» Your goal
Find the line with "102h-6.3l-.3 .2M97.2 109.5v.1l4.1" in the entries below, then reproduce it and every line after it down to and including the line with "96.3l1.3 1.2 1.9-.1M101.9", exactly.

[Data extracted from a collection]
◆ ◆ ◆
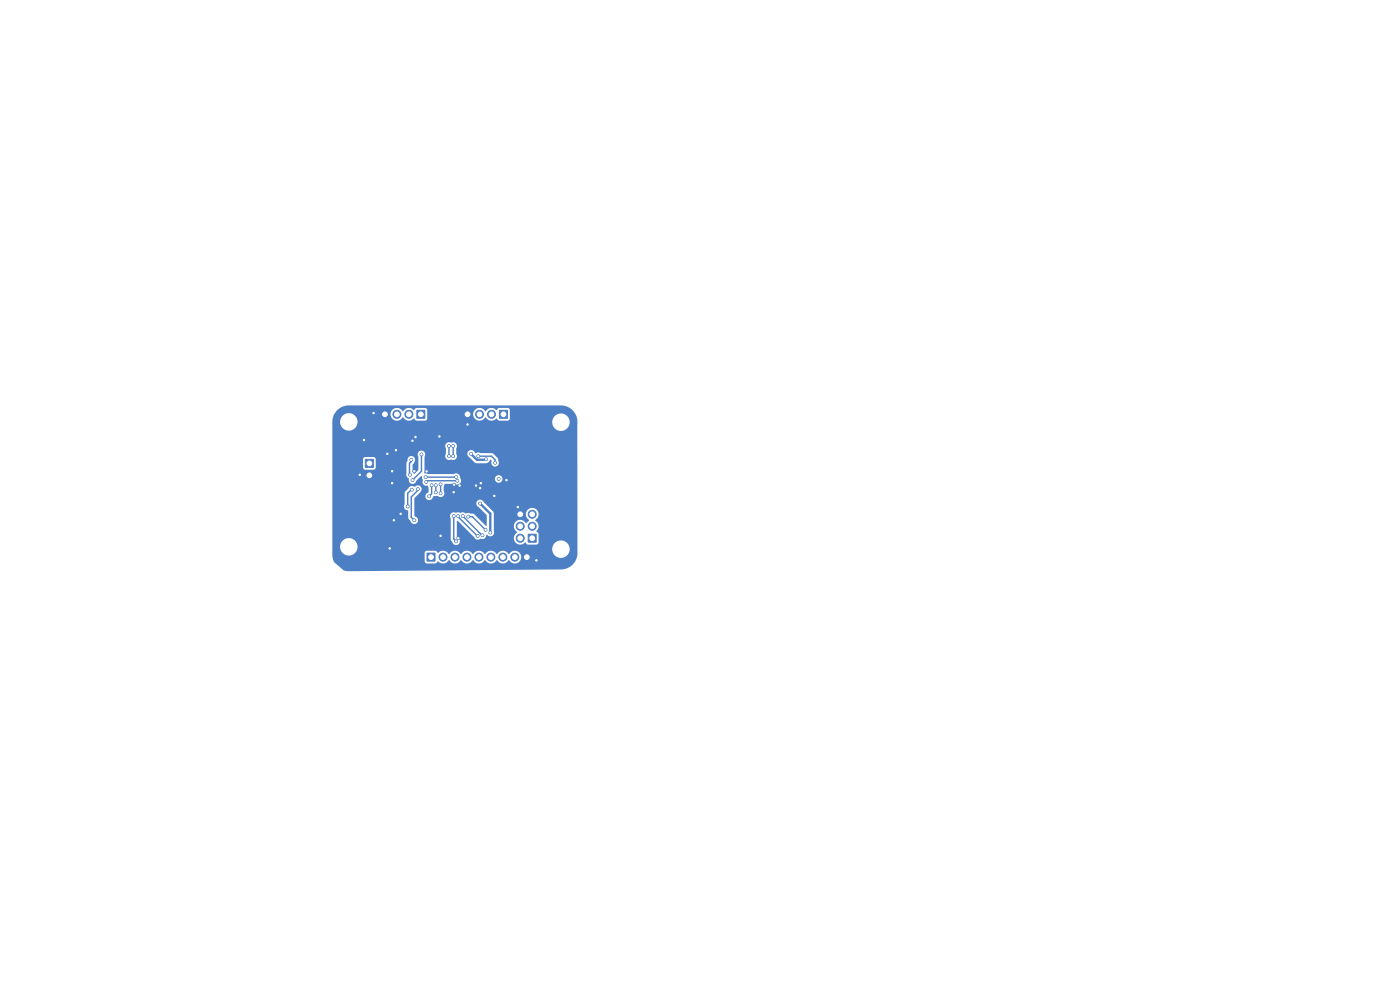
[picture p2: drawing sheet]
<svg xmlns="http://www.w3.org/2000/svg" width="297mm" height="210mm" viewBox="0 0 297 210" stroke-linecap="round" stroke-linejoin="round" font-family="sans-serif">
<g fill="#4d7fc4" stroke="#4d7fc4" stroke-width=".21">
<path d="M106 87h1.7v1.7h-1.7z"/>
<path d="M88.4 87h1.7v1.7h-1.7z"/>
<path d="M90.6 117.3h1.7v1.7h-1.7z"/>
<path d="M112.1 113.3h1.7v1.7h-1.7z"/>
<path d="M77.5 97.4h1.7v1.7h-1.7z"/>
<circle cx="99.2" cy="87.9" r=".85"/>
<circle cx="101.7" cy="87.9" r=".85"/>
<circle cx="104.3" cy="87.9" r=".85"/>
<circle cx="81.7" cy="87.9" r=".85"/>
<circle cx="84.2" cy="87.9" r=".85"/>
<circle cx="86.7" cy="87.9" r=".85"/>
<circle cx="94" cy="118.2" r=".85"/>
<circle cx="96.5" cy="118.2" r=".85"/>
<circle cx="99.1" cy="118.2" r=".85"/>
<circle cx="101.6" cy="118.2" r=".85"/>
<circle cx="104.1" cy="118.2" r=".85"/>
<circle cx="106.7" cy="118.2" r=".85"/>
<circle cx="109.2" cy="118.2" r=".85"/>
<circle cx="111.8" cy="118.2" r=".85"/>
<circle cx="110.4" cy="114.2" r=".85"/>
<circle cx="112.9" cy="111.6" r=".85"/>
<circle cx="110.4" cy="111.6" r=".85"/>
<circle cx="112.9" cy="109.1" r=".85"/>
<circle cx="110.4" cy="109.1" r=".85"/>
<circle cx="78.4" cy="100.8" r=".85"/>
<circle cx="97.5" cy="103" r=".3"/>
<circle cx="101" cy="103" r=".3"/>
<circle cx="102" cy="102.5" r=".3"/>
<circle cx="85" cy="109" r=".3"/>
<circle cx="90.5" cy="100" r=".3"/>
<circle cx="84" cy="95.5" r=".3"/>
<circle cx="87.5" cy="93.5" r=".3"/>
<circle cx="101.9" cy="106.8" r=".3"/>
<circle cx="104" cy="113" r=".3"/>
<circle cx="99.9" cy="96.3" r=".3"/>
<circle cx="103.1" cy="97.4" r=".3"/>
<circle cx="93.5" cy="113.7" r=".3"/>
<circle cx="96.3" cy="102.8" r=".3"/>
<circle cx="96.3" cy="109.5" r=".3"/>
<circle cx="96.8" cy="114.8" r=".3"/>
<circle cx="98.2" cy="109.5" r=".3"/>
<circle cx="99.3" cy="109.6" r=".3"/>
<circle cx="107.4" cy="101.9" r=".3"/>
<circle cx="104.9" cy="105.2" r=".3"/>
<circle cx="96.2" cy="104.4" r=".3"/>
<circle cx="86.5" cy="107.4" r=".3"/>
<circle cx="87.4" cy="103.9" r=".3"/>
<circle cx="97" cy="102" r=".3"/>
<circle cx="96.8" cy="101.2" r=".3"/>
<circle cx="91.6" cy="102.9" r=".3"/>
<circle cx="93.2" cy="92.6" r=".3"/>
<circle cx="113.8" cy="118.9" r=".3"/>
<circle cx="101.9" cy="103.5" r=".3"/>
<circle cx="87.9" cy="99.9" r=".3"/>
<circle cx="83.2" cy="102.5" r=".3"/>
<circle cx="77.2" cy="93.3" r=".3"/>
<circle cx="83.6" cy="110.4" r=".3"/>
<circle cx="82.7" cy="116.3" r=".3"/>
<circle cx="79.2" cy="87.6" r=".3"/>
<circle cx="88.1" cy="92.7" r=".3"/>
<circle cx="76.3" cy="100.7" r=".3"/>
<circle cx="83.2" cy="99.9" r=".3"/>
<circle cx="99.2" cy="90" r=".3"/>
<circle cx="82.2" cy="96.3" r=".3"/>
<circle cx="109.9" cy="107.6" r=".3"/>
<circle cx="97.2" cy="114.2" r=".3"/>
<circle cx="105.8" cy="101.6" r=".3"/>
<circle cx="88.6" cy="103.8" r=".3"/>
<circle cx="89.4" cy="96.4" r=".3"/>
<circle cx="87.5" cy="101.9" r=".3"/>
<circle cx="87.9" cy="110.4" r=".3"/>
<circle cx="90.4" cy="102.2" r=".3"/>
<circle cx="87" cy="100.7" r=".3"/>
<circle cx="90.3" cy="101.2" r=".3"/>
<circle cx="87.2" cy="97.5" r=".3"/>
<circle cx="96.1" cy="94.6" r=".3"/>
<circle cx="96.1" cy="96.8" r=".3"/>
<circle cx="95.3" cy="96.8" r=".3"/>
<circle cx="95.3" cy="94.6" r=".3"/>
<circle cx="91" cy="105.3" r=".3"/>
<circle cx="93.5" cy="104.6" r=".3"/>
<circle cx="93.5" cy="102.7" r=".3"/>
<circle cx="92.5" cy="102.9" r=".3"/>
<circle cx="92.5" cy="104.4" r=".3"/>
<circle cx="102.3" cy="113.5" r=".3"/>
<circle cx="103" cy="112.4" r=".3"/>
<circle cx="101.3" cy="113.7" r=".3"/>
<circle cx="97.2" cy="109.5" r=".3"/>
<circle cx="105" cy="98.2" r=".3"/>
<circle cx="101.5" cy="96.8" r=".3"/>
</g>
<g fill="none" stroke="#4d7fc4" stroke-width=".3">
<path d="M87.2 97.5v.4l-.3 .4v2.3l.1 .1M89.4 96.4v3.6l-1.9 1.9M95.2 94.6v2.2M96.1 94.6v2.2M101.5 96.8h2.8l.7 .7v.7M87.4 103.9l-.9 .7v2.8M88.6 103.8v.2l-1.4 1.4v4.3l.7 .7M90.3 101.2h6.5M91.6 102.9v1.9l-.6 .5M92.5 102.9v1.5M93.3 102.6l.2 .1v1.9M96.3 109.5v4.8l.5 .5"/>
<path d="M97 102h-6.3l-.3 .2M97.2 109.5v.1l4.1 4.1M98.2 109.5l4.1 4M99.3 109.6h.9l2.8 2.8"/>
</g>
<path d="M99.9 96.3l1.3 1.2 1.9-.1M101.9 106.8l2.1 2.2v4" fill="none" stroke="#4d7fc4" stroke-width=".5"/>
<path d="M71.5 87a3.5 3.5 0 0 1 2.6-1h44.9a3.5 3.5 0 0 1 3.5 4v27.6a3.5 3.5 0 0 1-3.6 3.2l-45.2 .4-.8-.2-2-1.7-.3-.6-.1-2.8h1.6v.2a1.85 1.85 0 0 0 1.3 1.6 1.85 1.85 0 0 0 1.9-.4h14.8v1.8l.2 .4h2.1l.4-.4a1.57 1.57 0 0 0 2.5-.3 1.48 1.48 0 0 0 2.5 0 1.48 1.48 0 0 0 2.5 0 1.48 1.48 0 0 0 2.6 0 1.48 1.48 0 0 0 2.5 0 1.48 1.48 0 0 0 2.6 0 1.39 1.39 0 0 0 2.1 .4 1.39 1.39 0 0 0 0-2.1 1.39 1.39 0 0 0-2.2 .4 1.48 1.48 0 0 0-2.5 0 1.48 1.48 0 0 0-2.5 0 1.48 1.48 0 0 0-2.6 0 1.48 1.48 0 0 0-2.5 0 1.48 1.48 0 0 0-2.6 0 1.52 1.52 0 0 0-2.3-.2l-.6-.5h-1.8l-.4 .5h-14.8l.5-.9h41.3v.2a1.85 1.85 0 0 0 2.9 1.5 1.85 1.85 0 0 0 0-3.2 1.85 1.85 0 0 0-2.9 1.5h-41.3a1.85 1.85 0 0 0-1.6-2.2 1.85 1.85 0 0 0-2.1 1.7h-1.6v-8.5h15.2v.1a.99 .99 0 0 0 .9 .8v1.6l.5 .6a.82 .82 0 0 0 .9 .6 .82 .82 0 0 0 .7-.8 .82 .82 0 0 0-.8-.8v-.1h7.6l.1 .6v4.4l.4 .6a.83 .83 0 0 0 1.4 .3 .83 .83 0 0 0-.5-1.4v-3.3l.2-.1 3.5 3.5a.89 .89 0 0 0 1.4 .3 .88 .88 0 0 0 1.2-.9 .87 .87 0 0 0 1.1 .3 .87 .87 0 0 0 .5-1v-1.2h4.2a1.7 1.7 0 0 0 .7 1.4 1.41 1.41 0 0 0-.4 2.1 1.41 1.41 0 0 0 2.2 .1l.4 .4h1.9l.3-.1 .2-.3-.1-1.9-.4-.5a1.49 1.49 0 0 0-.3-2.3 1.39 1.39 0 0 0 .5-2.2 1.39 1.39 0 0 0-2.2 .1 1.39 1.39 0 0 0 .5 2.1l-.6 .6a1.6 1.6 0 0 0-2-.5l-.5 .4-.2 .6h-4.2l-.1-2.9-2.1-2.1a.81 .81 0 0 0-1.3-.3 .81 .81 0 0 0 .2 1.4l1.8 1.7-.1 2.3-2.7-2.6-1.1-.2-.6 .1a1.19 1.19 0 0 0-1.2-.1h-1a.8 .8 0 0 0-1.1 .6h-7.6v-3.7l1.3-1.4a.85 .85 0 0 0-.1-1.2 .85 .85 0 0 0-1.2 .2 .82 .82 0 0 0-1.3 .3l-.7 .9-.1 2.4-.1 .5h-15.2v-6.8h15.7l.3 .7a.38 .38 0 0 1 .2 .6 .82 .82 0 0 0 .8 .8 .82 .82 0 0 0 .8-.7l1.1-1 .3 .7a.94 .94 0 0 0 .1 1 .94 .94 0 0 0 1 .4l.1 .3v1.1a.82 .82 0 0 0-.4 1.4 .82 .82 0 0 0 1.4-.5 1.48 1.48 0 0 1 1.5 0 .82 .82 0 0 0 .8-.4 .82 .82 0 0 0-.1-.9v-.9l.2-.6 2.3 .1a.8 .8 0 0 0 1-.2 .8 .8 0 0 0 .1-1h7.3v.2a.8 .8 0 0 0 1.2 .6 .8 .8 0 0 0 0-1.4 .8 .8 0 0 0-1.2 .6l-7.4-.1a.86 .86 0 0 0-.4-.8 .86 .86 0 0 0-.9 0h-5.5l-.7-.2v-3.5a.82 .82 0 0 0-.1-1.1 .82 .82 0 0 0-1.1 0 .82 .82 0 0 0-.1 1.1v2.7l-.9 .9-.4-.4v-1.5l.3-.3a.83 .83 0 0 0-.2-1.4 .83 .83 0 0 0-1.1 .8l-.3 .5v2.4h-15.7v-3.2h6.5v1.9l.3 .3h2l.4-.4v-1.9l-.4-.4h-1.9l-.4 .5h-6.5v-2.9h23.9l.2 1.8a.86 .86 0 0 0 .1 1 .86 .86 0 0 0 1.1 .2 .85 .85 0 0 0 1-.3 .85 .85 0 0 0 0-1h2.3l.2 .6 1.5 1.4 2.3 .1a.98 .98 0 0 0 .9-.8l.3 .2a.84 .84 0 0 0 .7 1.3 .84 .84 0 0 0 .7-1.3l-.2-.6-1-1h-2.5l-.6-.1-.5 .2a.9 .9 0 0 0-.9-.7 .9 .9 0 0 0-.9 .7h-2.3v-1.1a.86 .86 0 0 0-.1-1.1 .86 .86 0 0 0-1.1-.1 .8 .8 0 0 0-1.2 .6h-23.9v-5.1h1.6v.2a1.85 1.85 0 0 0 2 1.8 1.85 1.85 0 0 0 1.8-2h41.2v.3a1.85 1.85 0 0 0 2.9 1.4 1.85 1.85 0 0 0 0-3.1 1.85 1.85 0 0 0-2.9 1.4h-41.2l-.1-.1a1.83 1.83 0 0 0-1.1-1.5h8.2v.2a1.4 1.4 0 0 0 1.1 1.2 1.4 1.4 0 0 0 1.5-.7 1.52 1.52 0 0 0 2.4 .3l.4 .4h1.9l.4-.4v-1h9.8v.2a1.4 1.4 0 0 0 1.1 1.2 1.4 1.4 0 0 0 1.5-.7 1.52 1.52 0 0 0 2.4 .3l.5 .4h1.9l.4-.4v-1.9l-.3-.3-2.1-.1-.4 .5a1.57 1.57 0 0 0-2.4 .3 1.4 1.4 0 0 0-1.5-.7 1.4 1.4 0 0 0-1.1 1.2h-9.8v-.9l-.4-.4h-1.9l-.4 .5a1.57 1.57 0 0 0-2.4 .3 1.4 1.4 0 0 0-1.5-.7 1.4 1.4 0 0 0-1.1 1.2l-8.3-.1a1.85 1.85 0 0 0-2.5 1.7h-1.6a3.5 3.5 0 0 1 1-2.4z" fill="#4d7fc4"/>
<g fill="#fff" stroke="#fff" stroke-width=".21">
<circle cx="97.5" cy="103" r=".15"/>
<circle cx="101" cy="103" r=".15"/>
<circle cx="102" cy="102.5" r=".15"/>
<circle cx="85" cy="109" r=".15"/>
<circle cx="90.5" cy="100" r=".15"/>
<circle cx="84" cy="95.5" r=".15"/>
<circle cx="87.5" cy="93.5" r=".15"/>
<circle cx="101.9" cy="106.8" r=".15"/>
<circle cx="104" cy="113" r=".15"/>
<circle cx="99.9" cy="96.3" r=".15"/>
<circle cx="103.1" cy="97.4" r=".15"/>
<circle cx="93.5" cy="113.7" r=".15"/>
<circle cx="96.3" cy="102.8" r=".15"/>
<circle cx="96.3" cy="109.5" r=".15"/>
<circle cx="96.8" cy="114.8" r=".15"/>
<circle cx="98.2" cy="109.5" r=".15"/>
<circle cx="99.3" cy="109.6" r=".15"/>
<circle cx="107.4" cy="101.9" r=".15"/>
<circle cx="104.9" cy="105.2" r=".15"/>
<circle cx="96.2" cy="104.4" r=".15"/>
<circle cx="86.5" cy="107.4" r=".15"/>
<circle cx="87.4" cy="103.9" r=".15"/>
<circle cx="97" cy="102" r=".15"/>
<circle cx="96.8" cy="101.2" r=".15"/>
<circle cx="91.6" cy="102.9" r=".15"/>
<circle cx="93.2" cy="92.6" r=".15"/>
<circle cx="113.8" cy="118.9" r=".15"/>
<circle cx="101.9" cy="103.5" r=".15"/>
<circle cx="87.9" cy="99.9" r=".15"/>
<circle cx="83.2" cy="102.5" r=".15"/>
<circle cx="77.2" cy="93.3" r=".15"/>
<circle cx="83.6" cy="110.4" r=".15"/>
<circle cx="82.7" cy="116.3" r=".15"/>
<circle cx="79.2" cy="87.6" r=".15"/>
<circle cx="88.1" cy="92.7" r=".15"/>
<circle cx="76.3" cy="100.7" r=".15"/>
<circle cx="83.2" cy="99.9" r=".15"/>
<circle cx="99.2" cy="90" r=".15"/>
<circle cx="82.2" cy="96.3" r=".15"/>
<circle cx="109.9" cy="107.6" r=".15"/>
<circle cx="97.2" cy="114.2" r=".15"/>
<circle cx="105.8" cy="101.6" r=".15"/>
<circle cx="88.6" cy="103.8" r=".15"/>
<circle cx="89.4" cy="96.4" r=".15"/>
<circle cx="87.5" cy="101.9" r=".15"/>
<circle cx="87.9" cy="110.4" r=".15"/>
<circle cx="90.4" cy="102.2" r=".15"/>
<circle cx="87" cy="100.7" r=".15"/>
<circle cx="90.3" cy="101.2" r=".15"/>
<circle cx="87.2" cy="97.5" r=".15"/>
<circle cx="96.1" cy="94.6" r=".15"/>
<circle cx="96.1" cy="96.8" r=".15"/>
<circle cx="95.2" cy="96.8" r=".15"/>
<circle cx="95.2" cy="94.6" r=".15"/>
<circle cx="91" cy="105.3" r=".15"/>
<circle cx="93.5" cy="104.6" r=".15"/>
<circle cx="93.5" cy="102.7" r=".15"/>
<circle cx="92.5" cy="102.9" r=".15"/>
<circle cx="92.5" cy="104.4" r=".15"/>
<circle cx="102.3" cy="113.5" r=".15"/>
<circle cx="103" cy="112.4" r=".15"/>
<circle cx="101.3" cy="113.7" r=".15"/>
<circle cx="97.2" cy="109.5" r=".15"/>
<circle cx="105" cy="98.2" r=".15"/>
<circle cx="101.5" cy="96.8" r=".15"/>
<circle cx="119" cy="89.6" r="1.6"/>
<circle cx="74" cy="89.5" r="1.6"/>
<circle cx="99.2" cy="87.9" r=".5"/>
<circle cx="101.7" cy="87.9" r=".5"/>
<circle cx="104.3" cy="87.9" r=".5"/>
<circle cx="106.8" cy="87.9" r=".5"/>
<circle cx="81.7" cy="87.9" r=".5"/>
<circle cx="84.2" cy="87.9" r=".5"/>
<circle cx="86.7" cy="87.9" r=".5"/>
<circle cx="89.3" cy="87.9" r=".5"/>
<circle cx="91.4" cy="118.2" r=".5"/>
<circle cx="94" cy="118.2" r=".5"/>
<circle cx="96.5" cy="118.2" r=".5"/>
<circle cx="99.1" cy="118.2" r=".5"/>
<circle cx="101.6" cy="118.2" r=".5"/>
<circle cx="104.1" cy="118.2" r=".5"/>
<circle cx="106.7" cy="118.2" r=".5"/>
<circle cx="109.2" cy="118.2" r=".5"/>
<circle cx="111.8" cy="118.2" r=".5"/>
<circle cx="112.9" cy="114.2" r=".5"/>
<circle cx="110.4" cy="114.2" r=".5"/>
<circle cx="112.9" cy="111.6" r=".5"/>
<circle cx="110.4" cy="111.6" r=".5"/>
<circle cx="112.9" cy="109.1" r=".5"/>
<circle cx="110.4" cy="109.1" r=".5"/>
<circle cx="74" cy="116" r="1.6"/>
<circle cx="119" cy="116.5" r="1.6"/>
<circle cx="78.4" cy="98.3" r=".5"/>
<circle cx="78.4" cy="100.8" r=".5"/>
</g>
</svg>
◆ ◆ ◆
» Solution
<path d="M97 102h-6.3l-.3 .2M97.2 109.5v.1l4.1 4.1M98.2 109.5l4.1 4M99.3 109.6h.9l2.8 2.8"/>
</g>
<path d="M99.9 96.3l1.3 1.2 1.9-.1M101.9 106.8l2.1 2.2v4" fill="none" stroke="#4d7fc4" stroke-width=".5"/>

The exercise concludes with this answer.